Ty, Erika and Peter are in NYC and it’s been a long day consumed by two or three doctor visits and a lot of waiting in between. Although nothing has happened, these days are still a roller coaster ride. Usually they think they understand a short-term schedule, but it changes, and then it changes again.
When they first met with Dr. LaQuaglia, he was planning on performing an open biopsy — an invasive and frightening surgery — tomorrow morning. By the end of the consult, the plan was to do a less invasive needle biopsy to be scheduled later in the week (hopefully). That plan was reviewed by Dr. LaQuaglia and Dr. Kuschner while Ty and Erika waited. Later today that plan was confirmed during a second consult with Dr. L and it’s tentatively scheduled for Thursday.
The plan from there would be one of the following:
- Needle biopsy shows NB, treatment would be planned
- Needle biopsy inconclusive, an open biopsy is necessary
- Needle biopsy shows something other than NB, some treatment
Each discussion with doctors or nurses is emotionally punishing as the possibility of NB recurrence is discussed. Yet the hope is still alive that the spots (actually small tumors inside the liver) are something else.
On the positive side, Peter’s MIBG scans look good and his marrow test is preliminarily good.
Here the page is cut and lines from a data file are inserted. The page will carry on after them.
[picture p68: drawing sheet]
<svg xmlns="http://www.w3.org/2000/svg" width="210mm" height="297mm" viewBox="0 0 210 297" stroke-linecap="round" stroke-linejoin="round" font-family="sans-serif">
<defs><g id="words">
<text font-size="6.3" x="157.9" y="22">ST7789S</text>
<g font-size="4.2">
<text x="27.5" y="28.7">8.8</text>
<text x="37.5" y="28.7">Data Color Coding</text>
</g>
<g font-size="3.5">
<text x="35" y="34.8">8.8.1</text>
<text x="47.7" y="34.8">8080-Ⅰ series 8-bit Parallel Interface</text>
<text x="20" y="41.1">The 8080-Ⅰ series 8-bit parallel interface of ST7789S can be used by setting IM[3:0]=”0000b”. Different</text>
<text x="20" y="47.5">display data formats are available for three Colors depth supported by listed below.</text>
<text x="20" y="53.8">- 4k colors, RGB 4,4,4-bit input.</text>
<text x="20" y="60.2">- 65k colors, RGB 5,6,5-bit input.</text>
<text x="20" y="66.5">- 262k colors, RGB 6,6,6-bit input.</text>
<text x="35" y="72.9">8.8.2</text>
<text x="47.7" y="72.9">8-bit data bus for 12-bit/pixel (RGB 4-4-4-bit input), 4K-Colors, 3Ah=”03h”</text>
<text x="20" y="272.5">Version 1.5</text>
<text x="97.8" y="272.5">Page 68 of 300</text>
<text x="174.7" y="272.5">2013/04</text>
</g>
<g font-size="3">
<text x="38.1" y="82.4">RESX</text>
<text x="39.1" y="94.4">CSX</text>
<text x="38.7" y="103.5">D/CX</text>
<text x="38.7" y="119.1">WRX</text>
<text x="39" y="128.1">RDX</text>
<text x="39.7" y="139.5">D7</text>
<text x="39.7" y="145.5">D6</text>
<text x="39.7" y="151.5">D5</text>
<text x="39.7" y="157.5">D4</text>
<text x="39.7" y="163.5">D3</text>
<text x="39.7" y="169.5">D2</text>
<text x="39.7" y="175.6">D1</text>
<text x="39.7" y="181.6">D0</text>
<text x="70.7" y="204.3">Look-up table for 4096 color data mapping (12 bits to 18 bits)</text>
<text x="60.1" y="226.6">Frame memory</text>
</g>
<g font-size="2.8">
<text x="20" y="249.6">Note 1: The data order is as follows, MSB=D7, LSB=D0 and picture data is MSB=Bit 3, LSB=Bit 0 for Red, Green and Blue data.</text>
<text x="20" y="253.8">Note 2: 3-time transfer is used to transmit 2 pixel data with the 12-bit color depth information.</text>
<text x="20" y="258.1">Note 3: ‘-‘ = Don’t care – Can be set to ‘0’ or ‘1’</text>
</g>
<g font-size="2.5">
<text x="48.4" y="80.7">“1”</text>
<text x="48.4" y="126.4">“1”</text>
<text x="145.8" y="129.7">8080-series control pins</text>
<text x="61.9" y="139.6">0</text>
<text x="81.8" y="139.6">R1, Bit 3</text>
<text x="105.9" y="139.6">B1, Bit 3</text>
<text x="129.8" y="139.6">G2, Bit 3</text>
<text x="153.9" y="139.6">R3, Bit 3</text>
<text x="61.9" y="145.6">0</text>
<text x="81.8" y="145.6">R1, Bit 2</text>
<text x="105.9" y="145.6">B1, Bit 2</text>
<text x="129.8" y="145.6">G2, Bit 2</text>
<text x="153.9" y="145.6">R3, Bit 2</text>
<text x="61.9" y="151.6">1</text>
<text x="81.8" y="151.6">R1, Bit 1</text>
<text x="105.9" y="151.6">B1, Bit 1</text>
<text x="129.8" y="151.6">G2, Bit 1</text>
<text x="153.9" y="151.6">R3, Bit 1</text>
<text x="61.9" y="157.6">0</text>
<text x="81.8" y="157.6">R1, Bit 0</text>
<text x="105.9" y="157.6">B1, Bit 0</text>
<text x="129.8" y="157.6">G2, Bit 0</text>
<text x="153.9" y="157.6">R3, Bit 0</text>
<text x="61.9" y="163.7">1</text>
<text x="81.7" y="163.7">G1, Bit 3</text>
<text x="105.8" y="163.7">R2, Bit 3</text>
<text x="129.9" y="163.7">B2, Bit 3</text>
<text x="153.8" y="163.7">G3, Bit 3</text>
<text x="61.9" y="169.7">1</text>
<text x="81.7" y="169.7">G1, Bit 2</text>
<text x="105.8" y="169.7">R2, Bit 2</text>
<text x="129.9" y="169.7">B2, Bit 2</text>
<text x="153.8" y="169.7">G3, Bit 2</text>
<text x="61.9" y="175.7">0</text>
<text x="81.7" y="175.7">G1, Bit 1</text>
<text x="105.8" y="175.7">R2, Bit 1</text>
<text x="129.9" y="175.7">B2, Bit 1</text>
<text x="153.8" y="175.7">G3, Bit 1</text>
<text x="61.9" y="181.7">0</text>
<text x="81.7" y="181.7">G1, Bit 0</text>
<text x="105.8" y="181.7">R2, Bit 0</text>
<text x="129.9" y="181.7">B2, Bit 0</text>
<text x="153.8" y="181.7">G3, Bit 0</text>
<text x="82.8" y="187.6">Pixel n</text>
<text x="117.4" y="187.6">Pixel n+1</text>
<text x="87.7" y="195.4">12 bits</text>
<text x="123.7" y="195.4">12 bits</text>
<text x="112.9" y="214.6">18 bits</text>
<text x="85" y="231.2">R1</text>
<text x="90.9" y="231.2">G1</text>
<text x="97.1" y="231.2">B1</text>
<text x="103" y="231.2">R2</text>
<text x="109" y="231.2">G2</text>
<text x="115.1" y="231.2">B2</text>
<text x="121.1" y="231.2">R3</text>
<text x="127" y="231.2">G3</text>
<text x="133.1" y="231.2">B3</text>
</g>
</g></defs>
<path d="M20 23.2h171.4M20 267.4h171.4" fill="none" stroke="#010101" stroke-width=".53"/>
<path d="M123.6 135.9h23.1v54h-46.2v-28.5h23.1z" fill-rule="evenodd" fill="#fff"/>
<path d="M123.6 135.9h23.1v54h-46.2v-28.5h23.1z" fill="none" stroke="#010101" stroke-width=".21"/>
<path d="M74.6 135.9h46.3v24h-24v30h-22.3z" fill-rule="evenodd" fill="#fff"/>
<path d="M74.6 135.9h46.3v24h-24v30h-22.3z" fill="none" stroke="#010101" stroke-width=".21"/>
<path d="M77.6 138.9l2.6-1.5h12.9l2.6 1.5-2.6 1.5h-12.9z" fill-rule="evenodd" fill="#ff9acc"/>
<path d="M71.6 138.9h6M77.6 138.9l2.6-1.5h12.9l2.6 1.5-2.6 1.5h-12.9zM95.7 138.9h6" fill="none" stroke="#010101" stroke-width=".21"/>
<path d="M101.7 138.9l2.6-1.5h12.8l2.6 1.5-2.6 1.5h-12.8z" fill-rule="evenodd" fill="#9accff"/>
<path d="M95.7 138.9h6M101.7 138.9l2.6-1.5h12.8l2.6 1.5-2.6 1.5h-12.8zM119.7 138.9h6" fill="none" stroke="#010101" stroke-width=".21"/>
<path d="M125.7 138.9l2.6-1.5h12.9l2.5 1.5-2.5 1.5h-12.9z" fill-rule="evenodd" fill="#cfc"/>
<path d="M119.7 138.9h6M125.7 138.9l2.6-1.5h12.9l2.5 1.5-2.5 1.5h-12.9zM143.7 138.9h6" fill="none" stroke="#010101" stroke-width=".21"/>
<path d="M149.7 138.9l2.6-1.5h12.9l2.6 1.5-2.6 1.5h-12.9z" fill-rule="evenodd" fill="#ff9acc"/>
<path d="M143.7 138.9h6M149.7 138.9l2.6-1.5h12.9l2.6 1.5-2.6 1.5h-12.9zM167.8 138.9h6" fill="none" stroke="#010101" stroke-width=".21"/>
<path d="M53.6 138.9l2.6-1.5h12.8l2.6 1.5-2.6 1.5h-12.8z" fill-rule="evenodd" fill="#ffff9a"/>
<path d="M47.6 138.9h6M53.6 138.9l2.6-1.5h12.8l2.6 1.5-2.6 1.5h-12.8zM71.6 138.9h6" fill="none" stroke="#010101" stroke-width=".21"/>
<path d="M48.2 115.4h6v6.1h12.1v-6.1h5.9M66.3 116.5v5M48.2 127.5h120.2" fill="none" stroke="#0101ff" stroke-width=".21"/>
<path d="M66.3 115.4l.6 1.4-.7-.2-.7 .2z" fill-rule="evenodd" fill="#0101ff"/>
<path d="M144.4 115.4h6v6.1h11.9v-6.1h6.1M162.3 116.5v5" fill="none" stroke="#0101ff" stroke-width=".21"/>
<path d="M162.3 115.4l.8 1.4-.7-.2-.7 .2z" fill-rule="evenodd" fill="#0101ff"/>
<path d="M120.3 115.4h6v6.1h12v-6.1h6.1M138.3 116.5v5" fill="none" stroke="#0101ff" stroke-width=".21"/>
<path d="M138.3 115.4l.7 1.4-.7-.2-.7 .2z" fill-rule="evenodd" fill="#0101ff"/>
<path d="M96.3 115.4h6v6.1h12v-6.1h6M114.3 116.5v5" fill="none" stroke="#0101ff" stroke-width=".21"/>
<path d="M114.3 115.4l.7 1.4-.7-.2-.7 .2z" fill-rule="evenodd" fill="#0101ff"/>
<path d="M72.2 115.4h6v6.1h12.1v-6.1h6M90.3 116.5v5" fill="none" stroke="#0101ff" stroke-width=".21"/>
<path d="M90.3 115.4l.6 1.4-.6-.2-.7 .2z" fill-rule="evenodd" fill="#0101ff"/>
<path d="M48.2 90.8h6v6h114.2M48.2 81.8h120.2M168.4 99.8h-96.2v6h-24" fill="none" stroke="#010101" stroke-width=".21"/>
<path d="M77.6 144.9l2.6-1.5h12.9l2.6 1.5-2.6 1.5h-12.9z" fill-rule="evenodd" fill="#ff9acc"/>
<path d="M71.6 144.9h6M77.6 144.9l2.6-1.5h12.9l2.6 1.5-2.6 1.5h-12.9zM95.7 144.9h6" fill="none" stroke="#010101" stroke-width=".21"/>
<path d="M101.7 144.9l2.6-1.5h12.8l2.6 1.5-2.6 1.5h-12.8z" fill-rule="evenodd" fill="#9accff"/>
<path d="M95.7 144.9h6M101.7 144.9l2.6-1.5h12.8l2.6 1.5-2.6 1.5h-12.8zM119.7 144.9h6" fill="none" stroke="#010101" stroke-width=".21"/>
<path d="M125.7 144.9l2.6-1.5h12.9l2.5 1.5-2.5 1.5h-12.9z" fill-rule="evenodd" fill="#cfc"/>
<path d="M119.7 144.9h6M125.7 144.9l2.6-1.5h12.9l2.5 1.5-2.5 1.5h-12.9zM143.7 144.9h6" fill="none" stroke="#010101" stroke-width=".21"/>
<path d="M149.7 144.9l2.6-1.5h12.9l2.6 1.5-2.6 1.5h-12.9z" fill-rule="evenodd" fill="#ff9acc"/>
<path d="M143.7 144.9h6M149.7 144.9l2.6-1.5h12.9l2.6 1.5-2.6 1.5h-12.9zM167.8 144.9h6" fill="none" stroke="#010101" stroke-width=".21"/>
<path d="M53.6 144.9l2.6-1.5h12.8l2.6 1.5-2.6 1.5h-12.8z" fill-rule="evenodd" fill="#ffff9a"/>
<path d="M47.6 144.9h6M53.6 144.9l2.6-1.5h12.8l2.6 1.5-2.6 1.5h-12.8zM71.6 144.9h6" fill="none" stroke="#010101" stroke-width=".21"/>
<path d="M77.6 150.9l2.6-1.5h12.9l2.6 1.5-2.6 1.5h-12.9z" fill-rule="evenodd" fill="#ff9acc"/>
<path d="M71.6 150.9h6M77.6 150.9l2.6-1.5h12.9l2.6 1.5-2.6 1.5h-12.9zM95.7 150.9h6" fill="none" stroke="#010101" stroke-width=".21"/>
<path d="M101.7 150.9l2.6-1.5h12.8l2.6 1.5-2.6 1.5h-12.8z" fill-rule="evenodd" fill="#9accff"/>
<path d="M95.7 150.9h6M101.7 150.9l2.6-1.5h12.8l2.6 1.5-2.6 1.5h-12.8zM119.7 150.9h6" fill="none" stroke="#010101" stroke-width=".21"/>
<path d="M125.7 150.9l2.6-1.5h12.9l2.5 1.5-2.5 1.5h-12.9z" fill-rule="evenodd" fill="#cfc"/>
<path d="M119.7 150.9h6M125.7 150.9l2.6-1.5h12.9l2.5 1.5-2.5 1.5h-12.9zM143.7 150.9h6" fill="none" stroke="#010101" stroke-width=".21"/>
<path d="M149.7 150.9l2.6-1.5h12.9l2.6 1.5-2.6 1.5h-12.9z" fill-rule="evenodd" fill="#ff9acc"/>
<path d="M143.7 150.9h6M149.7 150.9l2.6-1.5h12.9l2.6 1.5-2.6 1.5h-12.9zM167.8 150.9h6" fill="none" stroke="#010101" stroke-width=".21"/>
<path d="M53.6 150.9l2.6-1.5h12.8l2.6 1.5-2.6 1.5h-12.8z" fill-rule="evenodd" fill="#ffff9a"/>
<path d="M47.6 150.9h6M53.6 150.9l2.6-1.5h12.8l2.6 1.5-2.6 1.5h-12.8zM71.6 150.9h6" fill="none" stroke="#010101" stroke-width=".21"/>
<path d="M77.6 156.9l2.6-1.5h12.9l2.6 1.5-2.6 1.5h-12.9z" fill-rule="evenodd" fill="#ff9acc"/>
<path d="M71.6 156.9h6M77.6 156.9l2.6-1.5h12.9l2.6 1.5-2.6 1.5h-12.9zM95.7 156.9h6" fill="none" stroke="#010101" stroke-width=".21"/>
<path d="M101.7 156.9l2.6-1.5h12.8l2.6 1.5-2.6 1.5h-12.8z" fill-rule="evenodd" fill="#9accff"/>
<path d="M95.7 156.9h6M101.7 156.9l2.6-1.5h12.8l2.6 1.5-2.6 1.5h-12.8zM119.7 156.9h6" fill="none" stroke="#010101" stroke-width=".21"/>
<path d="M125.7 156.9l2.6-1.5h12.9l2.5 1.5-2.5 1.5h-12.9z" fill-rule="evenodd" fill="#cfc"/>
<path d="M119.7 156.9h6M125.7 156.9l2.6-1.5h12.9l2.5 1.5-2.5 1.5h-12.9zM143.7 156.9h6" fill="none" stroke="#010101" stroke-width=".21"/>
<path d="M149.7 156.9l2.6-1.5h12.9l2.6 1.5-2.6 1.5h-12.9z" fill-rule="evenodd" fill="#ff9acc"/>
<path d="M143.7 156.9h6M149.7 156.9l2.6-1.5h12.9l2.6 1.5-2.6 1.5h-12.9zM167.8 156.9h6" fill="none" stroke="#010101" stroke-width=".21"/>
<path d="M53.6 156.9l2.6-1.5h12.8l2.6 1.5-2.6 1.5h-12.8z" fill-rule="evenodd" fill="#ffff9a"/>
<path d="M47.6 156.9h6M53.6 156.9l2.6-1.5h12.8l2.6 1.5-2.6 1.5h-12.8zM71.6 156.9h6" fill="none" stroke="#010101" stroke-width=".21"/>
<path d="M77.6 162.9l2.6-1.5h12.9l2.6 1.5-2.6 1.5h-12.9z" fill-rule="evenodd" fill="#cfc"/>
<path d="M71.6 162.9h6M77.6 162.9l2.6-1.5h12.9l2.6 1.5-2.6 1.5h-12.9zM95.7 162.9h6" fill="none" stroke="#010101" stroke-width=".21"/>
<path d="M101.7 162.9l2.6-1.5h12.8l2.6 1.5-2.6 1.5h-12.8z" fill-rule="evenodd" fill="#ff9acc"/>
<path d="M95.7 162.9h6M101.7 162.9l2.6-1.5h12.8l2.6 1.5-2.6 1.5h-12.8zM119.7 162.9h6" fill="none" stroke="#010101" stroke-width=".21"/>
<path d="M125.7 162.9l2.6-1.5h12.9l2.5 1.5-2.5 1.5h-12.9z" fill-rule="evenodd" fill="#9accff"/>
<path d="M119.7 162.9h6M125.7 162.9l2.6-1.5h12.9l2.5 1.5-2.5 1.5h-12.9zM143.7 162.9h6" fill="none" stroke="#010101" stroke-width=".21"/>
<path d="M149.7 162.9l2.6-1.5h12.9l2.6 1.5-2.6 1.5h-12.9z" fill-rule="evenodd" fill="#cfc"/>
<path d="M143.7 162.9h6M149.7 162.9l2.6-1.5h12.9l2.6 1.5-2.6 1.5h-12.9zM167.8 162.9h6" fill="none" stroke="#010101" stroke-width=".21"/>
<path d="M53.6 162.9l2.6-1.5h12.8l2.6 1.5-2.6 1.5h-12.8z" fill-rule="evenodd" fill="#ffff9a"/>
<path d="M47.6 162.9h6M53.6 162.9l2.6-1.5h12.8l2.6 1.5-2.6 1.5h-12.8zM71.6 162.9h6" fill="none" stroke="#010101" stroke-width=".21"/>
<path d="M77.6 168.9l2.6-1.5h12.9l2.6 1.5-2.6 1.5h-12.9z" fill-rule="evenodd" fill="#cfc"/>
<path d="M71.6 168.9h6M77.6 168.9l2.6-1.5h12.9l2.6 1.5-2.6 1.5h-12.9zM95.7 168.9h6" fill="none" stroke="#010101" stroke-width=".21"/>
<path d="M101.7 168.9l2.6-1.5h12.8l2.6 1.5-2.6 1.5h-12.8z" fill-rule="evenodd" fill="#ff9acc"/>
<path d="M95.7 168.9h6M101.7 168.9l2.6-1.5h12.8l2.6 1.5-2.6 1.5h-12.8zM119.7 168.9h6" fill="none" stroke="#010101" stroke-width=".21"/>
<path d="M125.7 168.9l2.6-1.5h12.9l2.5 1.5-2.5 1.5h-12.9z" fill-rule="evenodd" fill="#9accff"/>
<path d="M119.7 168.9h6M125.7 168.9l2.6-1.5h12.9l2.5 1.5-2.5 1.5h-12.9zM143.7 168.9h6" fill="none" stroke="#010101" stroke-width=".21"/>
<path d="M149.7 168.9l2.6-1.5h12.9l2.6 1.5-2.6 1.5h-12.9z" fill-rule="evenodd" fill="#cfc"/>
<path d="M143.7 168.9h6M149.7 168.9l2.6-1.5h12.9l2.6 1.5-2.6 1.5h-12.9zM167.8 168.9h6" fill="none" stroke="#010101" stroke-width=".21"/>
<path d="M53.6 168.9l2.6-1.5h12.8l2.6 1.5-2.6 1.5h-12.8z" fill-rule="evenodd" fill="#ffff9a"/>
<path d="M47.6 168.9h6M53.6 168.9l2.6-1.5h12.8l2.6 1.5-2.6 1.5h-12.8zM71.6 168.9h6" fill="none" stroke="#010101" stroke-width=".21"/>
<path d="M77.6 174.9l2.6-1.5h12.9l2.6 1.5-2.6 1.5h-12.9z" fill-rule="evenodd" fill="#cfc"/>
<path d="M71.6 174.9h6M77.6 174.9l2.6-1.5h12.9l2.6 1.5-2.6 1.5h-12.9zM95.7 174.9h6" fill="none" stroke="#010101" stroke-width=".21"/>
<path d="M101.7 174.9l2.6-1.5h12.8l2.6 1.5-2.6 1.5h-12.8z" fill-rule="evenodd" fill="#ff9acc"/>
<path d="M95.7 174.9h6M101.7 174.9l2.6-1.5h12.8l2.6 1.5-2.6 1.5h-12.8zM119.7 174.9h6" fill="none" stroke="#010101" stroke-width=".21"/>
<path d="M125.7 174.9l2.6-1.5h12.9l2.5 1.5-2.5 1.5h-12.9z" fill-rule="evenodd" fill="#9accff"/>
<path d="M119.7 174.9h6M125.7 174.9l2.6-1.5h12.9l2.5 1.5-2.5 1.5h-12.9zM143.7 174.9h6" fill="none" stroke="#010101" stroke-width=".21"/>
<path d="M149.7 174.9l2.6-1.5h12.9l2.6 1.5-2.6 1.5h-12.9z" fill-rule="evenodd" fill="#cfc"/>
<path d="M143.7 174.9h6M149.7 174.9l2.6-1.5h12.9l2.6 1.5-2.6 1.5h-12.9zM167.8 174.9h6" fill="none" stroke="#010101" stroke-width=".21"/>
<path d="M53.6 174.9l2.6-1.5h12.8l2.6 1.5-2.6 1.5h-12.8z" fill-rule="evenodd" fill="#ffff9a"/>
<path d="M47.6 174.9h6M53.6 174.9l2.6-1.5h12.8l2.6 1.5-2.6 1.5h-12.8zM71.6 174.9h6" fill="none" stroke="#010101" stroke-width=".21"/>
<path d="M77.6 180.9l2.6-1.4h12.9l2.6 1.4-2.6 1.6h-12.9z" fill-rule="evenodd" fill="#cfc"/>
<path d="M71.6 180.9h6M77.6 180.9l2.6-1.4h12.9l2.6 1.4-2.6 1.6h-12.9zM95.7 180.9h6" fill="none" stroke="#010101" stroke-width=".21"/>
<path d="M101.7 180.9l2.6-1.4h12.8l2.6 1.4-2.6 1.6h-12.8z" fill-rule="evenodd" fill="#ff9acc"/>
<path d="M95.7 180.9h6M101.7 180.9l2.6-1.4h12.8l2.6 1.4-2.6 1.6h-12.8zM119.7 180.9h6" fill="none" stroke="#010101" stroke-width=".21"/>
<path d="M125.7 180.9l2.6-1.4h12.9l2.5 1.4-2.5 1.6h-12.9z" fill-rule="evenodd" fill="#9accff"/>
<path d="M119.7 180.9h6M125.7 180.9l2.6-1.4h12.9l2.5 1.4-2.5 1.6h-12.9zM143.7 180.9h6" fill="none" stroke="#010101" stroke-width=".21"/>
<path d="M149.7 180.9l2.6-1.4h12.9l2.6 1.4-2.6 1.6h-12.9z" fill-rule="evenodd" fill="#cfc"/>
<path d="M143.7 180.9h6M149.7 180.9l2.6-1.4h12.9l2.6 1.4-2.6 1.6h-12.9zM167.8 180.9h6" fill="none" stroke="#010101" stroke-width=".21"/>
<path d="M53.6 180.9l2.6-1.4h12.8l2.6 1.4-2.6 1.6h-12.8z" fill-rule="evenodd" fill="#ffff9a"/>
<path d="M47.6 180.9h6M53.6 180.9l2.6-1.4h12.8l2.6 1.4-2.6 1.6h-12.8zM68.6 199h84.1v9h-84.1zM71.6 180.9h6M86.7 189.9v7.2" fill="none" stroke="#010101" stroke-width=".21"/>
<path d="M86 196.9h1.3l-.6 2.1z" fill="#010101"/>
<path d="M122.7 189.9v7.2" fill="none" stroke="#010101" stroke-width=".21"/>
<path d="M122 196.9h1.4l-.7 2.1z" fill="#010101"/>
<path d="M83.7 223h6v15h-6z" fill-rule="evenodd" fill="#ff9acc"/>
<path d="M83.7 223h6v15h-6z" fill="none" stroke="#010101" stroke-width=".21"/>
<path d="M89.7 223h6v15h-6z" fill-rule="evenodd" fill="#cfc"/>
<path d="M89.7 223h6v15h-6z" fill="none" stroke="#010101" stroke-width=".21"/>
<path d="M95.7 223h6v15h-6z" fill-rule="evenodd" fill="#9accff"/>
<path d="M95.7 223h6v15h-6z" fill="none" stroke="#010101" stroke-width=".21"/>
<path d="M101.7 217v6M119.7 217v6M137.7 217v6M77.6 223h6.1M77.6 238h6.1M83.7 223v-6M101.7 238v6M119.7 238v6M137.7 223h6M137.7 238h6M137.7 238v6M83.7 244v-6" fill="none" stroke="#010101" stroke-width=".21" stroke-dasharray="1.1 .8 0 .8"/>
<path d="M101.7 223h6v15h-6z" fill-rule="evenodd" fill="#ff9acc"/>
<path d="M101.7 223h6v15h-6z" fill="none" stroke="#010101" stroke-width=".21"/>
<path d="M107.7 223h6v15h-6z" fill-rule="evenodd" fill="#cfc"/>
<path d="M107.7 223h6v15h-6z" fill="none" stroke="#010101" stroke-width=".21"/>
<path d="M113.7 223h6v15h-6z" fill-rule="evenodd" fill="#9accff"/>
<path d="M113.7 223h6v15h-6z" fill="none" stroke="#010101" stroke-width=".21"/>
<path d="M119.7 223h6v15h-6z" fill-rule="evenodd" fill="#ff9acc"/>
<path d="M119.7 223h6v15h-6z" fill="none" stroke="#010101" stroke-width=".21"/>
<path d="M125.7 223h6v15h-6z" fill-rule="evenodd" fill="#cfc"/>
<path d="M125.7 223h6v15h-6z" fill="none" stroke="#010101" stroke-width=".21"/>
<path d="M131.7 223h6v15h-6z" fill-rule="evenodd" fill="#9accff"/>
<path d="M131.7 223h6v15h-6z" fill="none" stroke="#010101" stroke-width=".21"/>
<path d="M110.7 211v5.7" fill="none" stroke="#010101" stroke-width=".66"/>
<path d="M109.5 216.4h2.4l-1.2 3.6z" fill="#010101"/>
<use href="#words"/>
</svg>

Peter is strong and ready for whatever comes his way. This morning he got a line put in his arm and he didn’t even flinch (it was removed now that the open biopsy has been rescheduled). He proceeded to play in the playroom throughout the day.
Peter will attend day camp at the Ronald McDonald house the next couple days and have a blast. Erika and Ty will pass the time, somehow.
Pray that the needle biopsy returns conclusive results, avoiding the invasive open biopsy, and that the results are benign.